==== DATA EXTRACTS ====
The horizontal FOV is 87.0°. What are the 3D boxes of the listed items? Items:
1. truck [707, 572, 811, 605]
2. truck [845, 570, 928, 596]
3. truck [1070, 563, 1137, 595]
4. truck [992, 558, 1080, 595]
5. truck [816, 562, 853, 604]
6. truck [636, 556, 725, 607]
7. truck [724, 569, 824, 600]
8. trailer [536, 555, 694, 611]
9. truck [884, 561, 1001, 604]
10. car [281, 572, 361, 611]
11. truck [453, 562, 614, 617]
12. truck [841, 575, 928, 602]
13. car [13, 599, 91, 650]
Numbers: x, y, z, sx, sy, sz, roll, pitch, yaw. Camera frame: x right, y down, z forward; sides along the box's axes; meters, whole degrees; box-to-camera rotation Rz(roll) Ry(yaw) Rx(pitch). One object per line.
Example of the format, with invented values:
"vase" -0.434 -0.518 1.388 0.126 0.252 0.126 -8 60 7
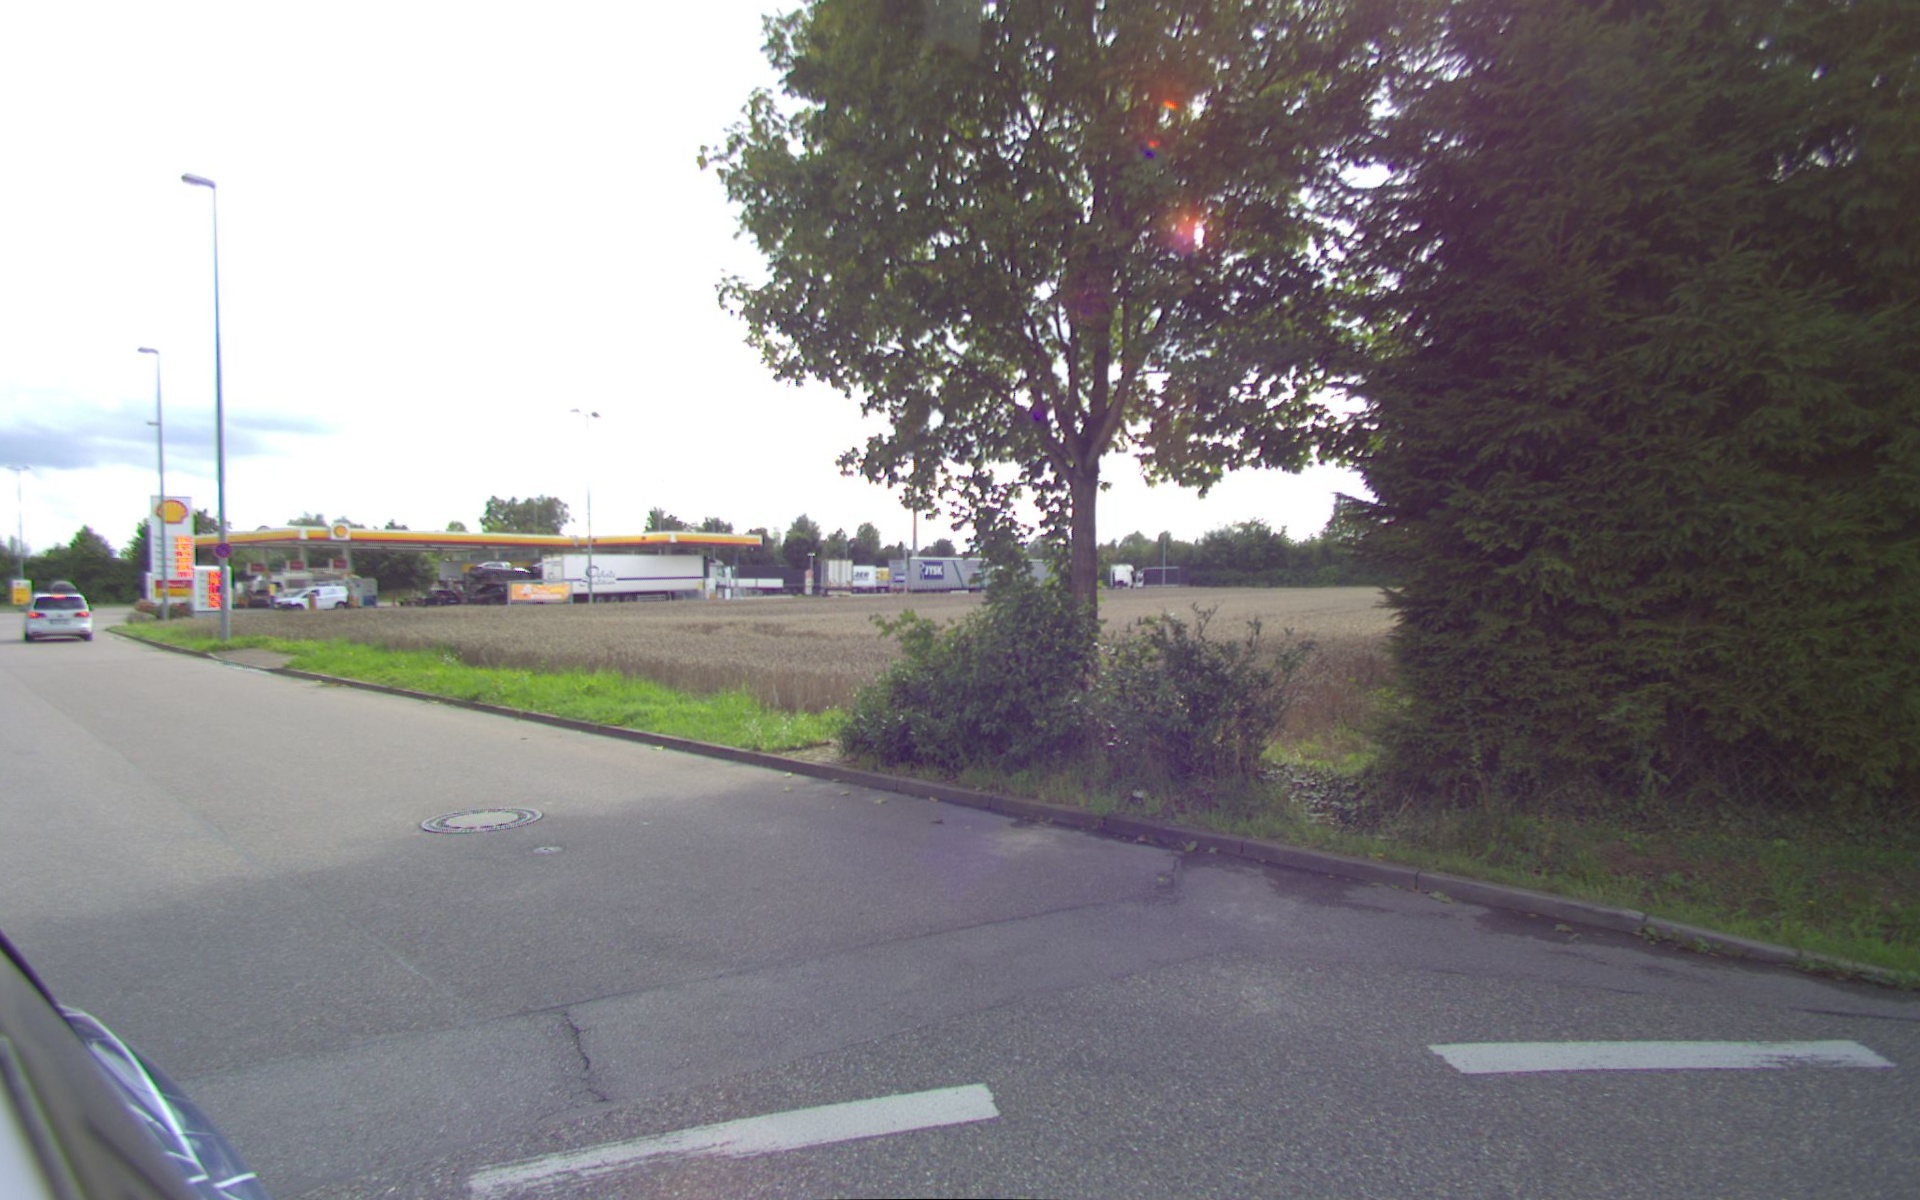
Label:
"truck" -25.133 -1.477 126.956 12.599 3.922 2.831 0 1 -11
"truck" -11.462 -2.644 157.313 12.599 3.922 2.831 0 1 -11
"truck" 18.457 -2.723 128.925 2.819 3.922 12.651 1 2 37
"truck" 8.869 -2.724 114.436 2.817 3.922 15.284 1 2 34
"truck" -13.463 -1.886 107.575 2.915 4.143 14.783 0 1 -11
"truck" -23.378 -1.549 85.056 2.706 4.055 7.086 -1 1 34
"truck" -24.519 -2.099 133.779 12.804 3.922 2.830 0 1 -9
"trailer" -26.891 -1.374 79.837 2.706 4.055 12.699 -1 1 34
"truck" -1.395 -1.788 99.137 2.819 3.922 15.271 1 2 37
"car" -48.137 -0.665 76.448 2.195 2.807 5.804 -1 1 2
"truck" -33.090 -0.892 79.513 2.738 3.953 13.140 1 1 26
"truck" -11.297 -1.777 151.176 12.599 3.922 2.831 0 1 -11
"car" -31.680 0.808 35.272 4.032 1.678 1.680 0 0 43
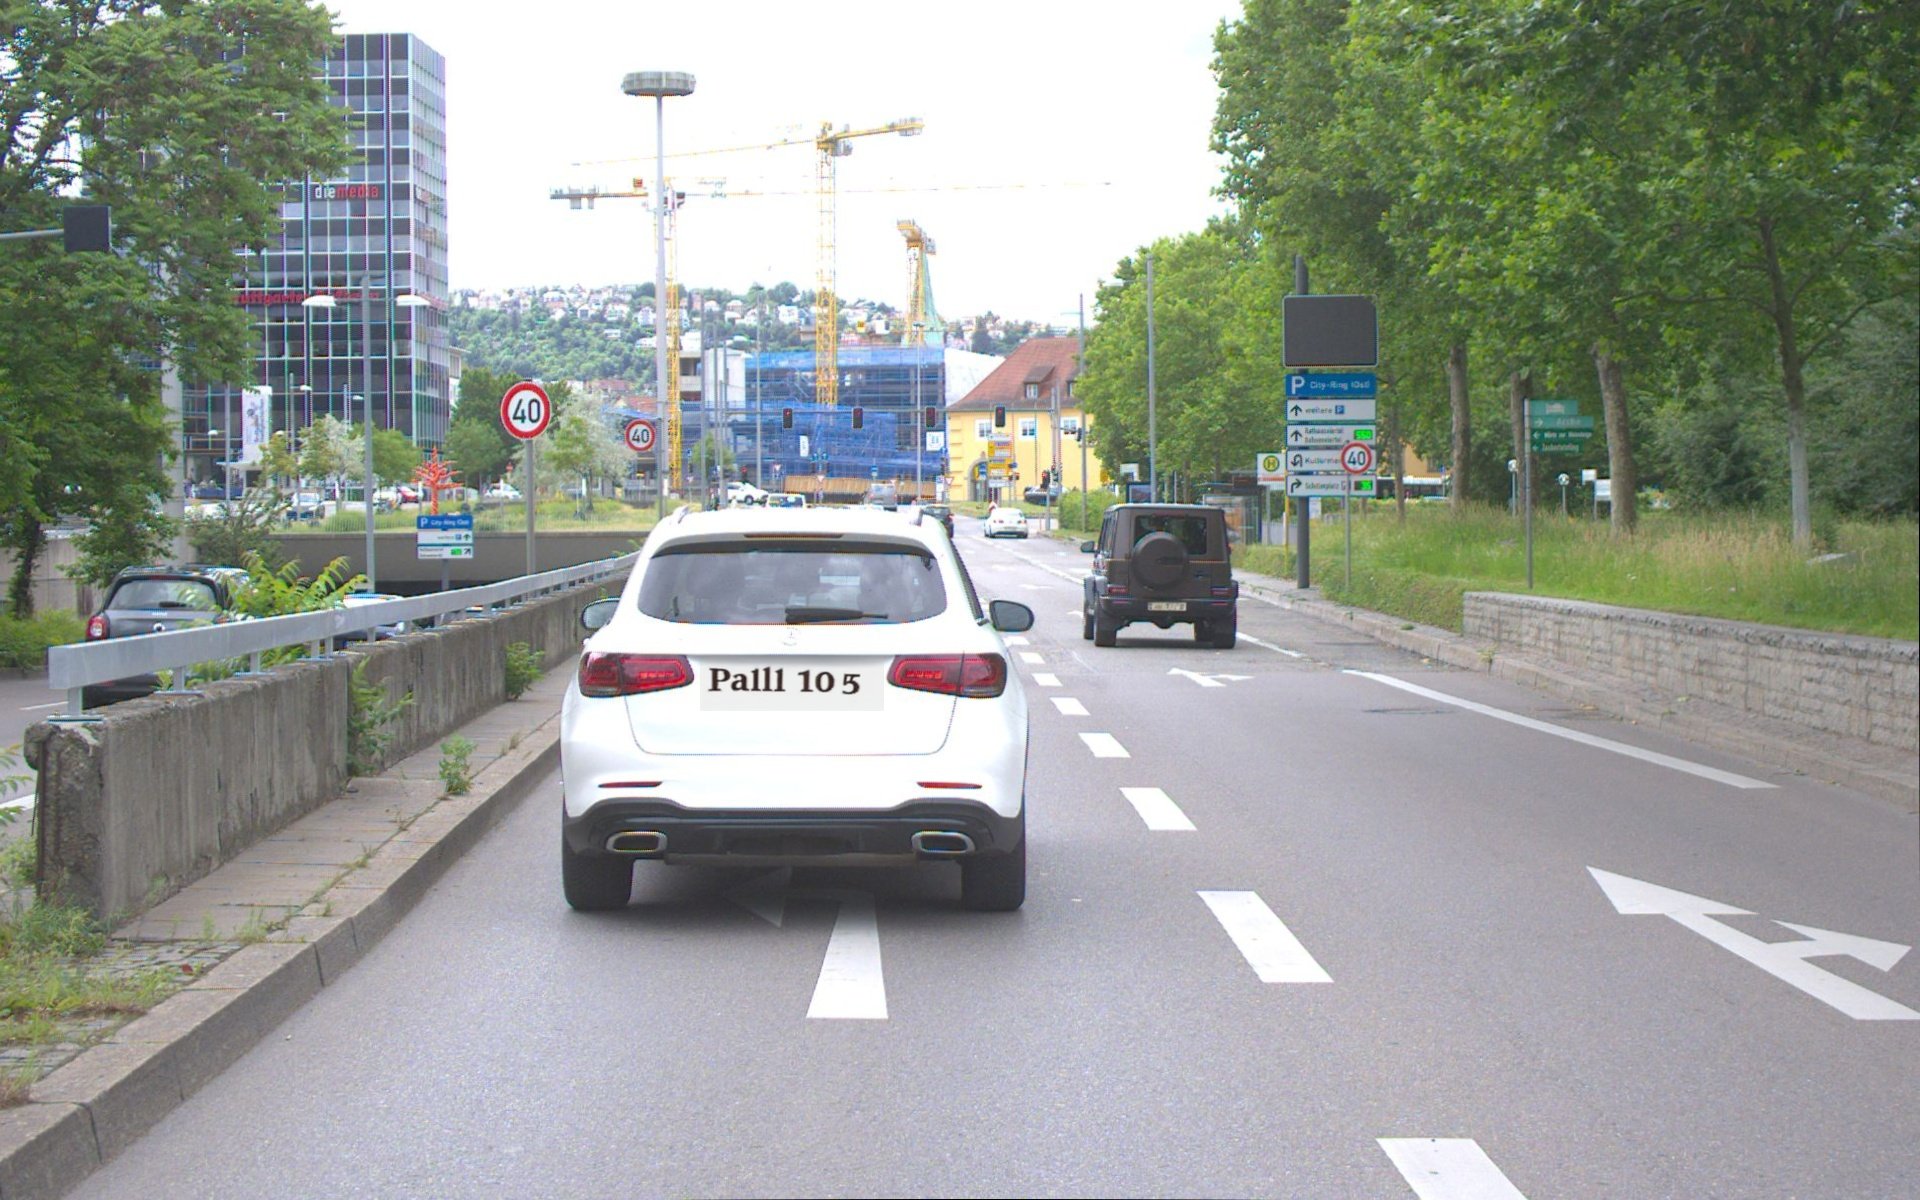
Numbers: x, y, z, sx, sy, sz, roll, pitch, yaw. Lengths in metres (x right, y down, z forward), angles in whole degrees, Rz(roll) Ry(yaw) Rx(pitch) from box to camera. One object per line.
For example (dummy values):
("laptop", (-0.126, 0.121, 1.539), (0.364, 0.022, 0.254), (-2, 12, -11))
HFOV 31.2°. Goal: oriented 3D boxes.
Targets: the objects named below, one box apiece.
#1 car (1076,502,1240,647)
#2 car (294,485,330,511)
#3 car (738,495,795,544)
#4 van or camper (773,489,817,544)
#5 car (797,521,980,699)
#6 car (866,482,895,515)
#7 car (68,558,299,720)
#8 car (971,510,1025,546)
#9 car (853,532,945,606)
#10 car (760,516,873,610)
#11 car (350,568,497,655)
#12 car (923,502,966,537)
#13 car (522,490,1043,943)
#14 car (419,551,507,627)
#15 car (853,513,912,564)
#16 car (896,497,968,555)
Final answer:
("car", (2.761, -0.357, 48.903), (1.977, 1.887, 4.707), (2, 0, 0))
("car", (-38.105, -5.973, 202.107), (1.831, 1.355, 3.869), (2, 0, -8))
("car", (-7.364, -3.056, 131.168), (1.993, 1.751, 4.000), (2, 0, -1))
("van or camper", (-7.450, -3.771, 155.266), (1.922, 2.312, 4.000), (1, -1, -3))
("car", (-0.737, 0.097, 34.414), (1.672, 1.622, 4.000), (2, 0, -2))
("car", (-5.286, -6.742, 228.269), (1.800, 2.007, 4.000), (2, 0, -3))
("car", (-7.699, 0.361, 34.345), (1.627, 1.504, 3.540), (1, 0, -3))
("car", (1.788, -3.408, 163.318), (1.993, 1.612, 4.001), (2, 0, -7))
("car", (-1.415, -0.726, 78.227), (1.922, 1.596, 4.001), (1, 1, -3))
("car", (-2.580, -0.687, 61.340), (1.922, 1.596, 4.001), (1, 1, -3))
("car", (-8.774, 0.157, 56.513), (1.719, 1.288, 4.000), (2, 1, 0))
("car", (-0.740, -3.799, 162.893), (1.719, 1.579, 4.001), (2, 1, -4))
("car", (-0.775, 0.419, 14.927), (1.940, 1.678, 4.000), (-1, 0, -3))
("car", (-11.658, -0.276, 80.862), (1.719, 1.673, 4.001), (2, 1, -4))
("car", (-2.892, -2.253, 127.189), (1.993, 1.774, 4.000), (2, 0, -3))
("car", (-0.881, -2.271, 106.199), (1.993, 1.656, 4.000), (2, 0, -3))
====
==== DATA EXTRACTS ====
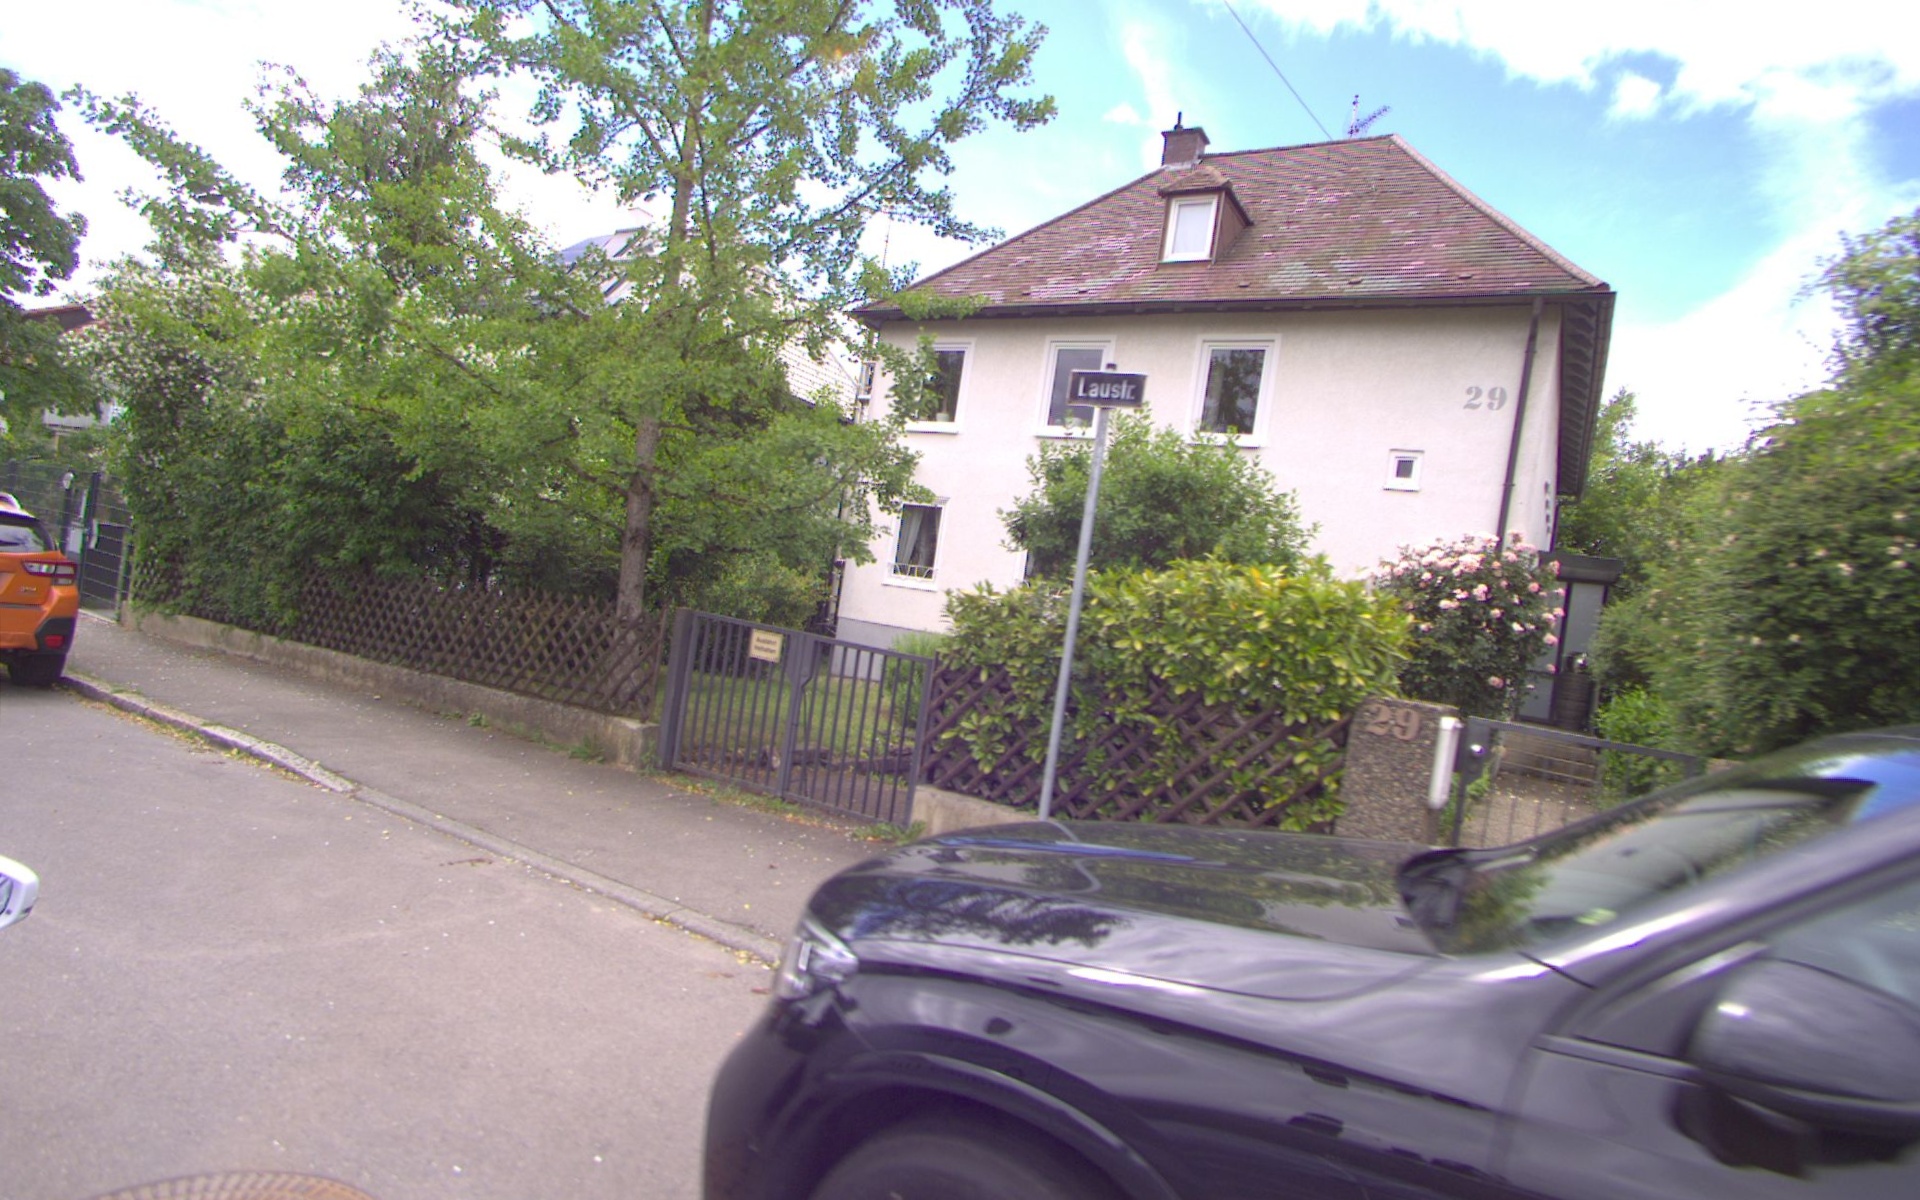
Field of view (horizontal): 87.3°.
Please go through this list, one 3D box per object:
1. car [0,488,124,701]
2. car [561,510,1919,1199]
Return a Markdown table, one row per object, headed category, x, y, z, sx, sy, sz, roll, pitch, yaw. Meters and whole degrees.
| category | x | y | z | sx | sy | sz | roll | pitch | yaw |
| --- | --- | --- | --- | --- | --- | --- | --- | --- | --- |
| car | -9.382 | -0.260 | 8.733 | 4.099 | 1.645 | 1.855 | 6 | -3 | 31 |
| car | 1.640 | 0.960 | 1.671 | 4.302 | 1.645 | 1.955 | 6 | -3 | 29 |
====
▶ WHAT IS BEING ASKED:
Go through the listing, and whenever a line contains the string "Numbers", copy that line.

▶ SOLUTION TO THE EXERCISE:
Numbers: x, y, z, sx, sy, sz, roll, pitch, yaw. Camera frame: x right, y down, z forward; sides along the box's axes; meters, whole degrees; box-to-camera rotation Rz(roll) Ry(yaw) Rx(pitch). One object per line.
Numbers: x, y, z, sx, sy, sz, roll, pitch, yaw. Lengths in metres (x right, y down, z forward), angles in whole degrees, Rz(roll) Ry(yaw) Rx(pitch) from box to camera. One object per line.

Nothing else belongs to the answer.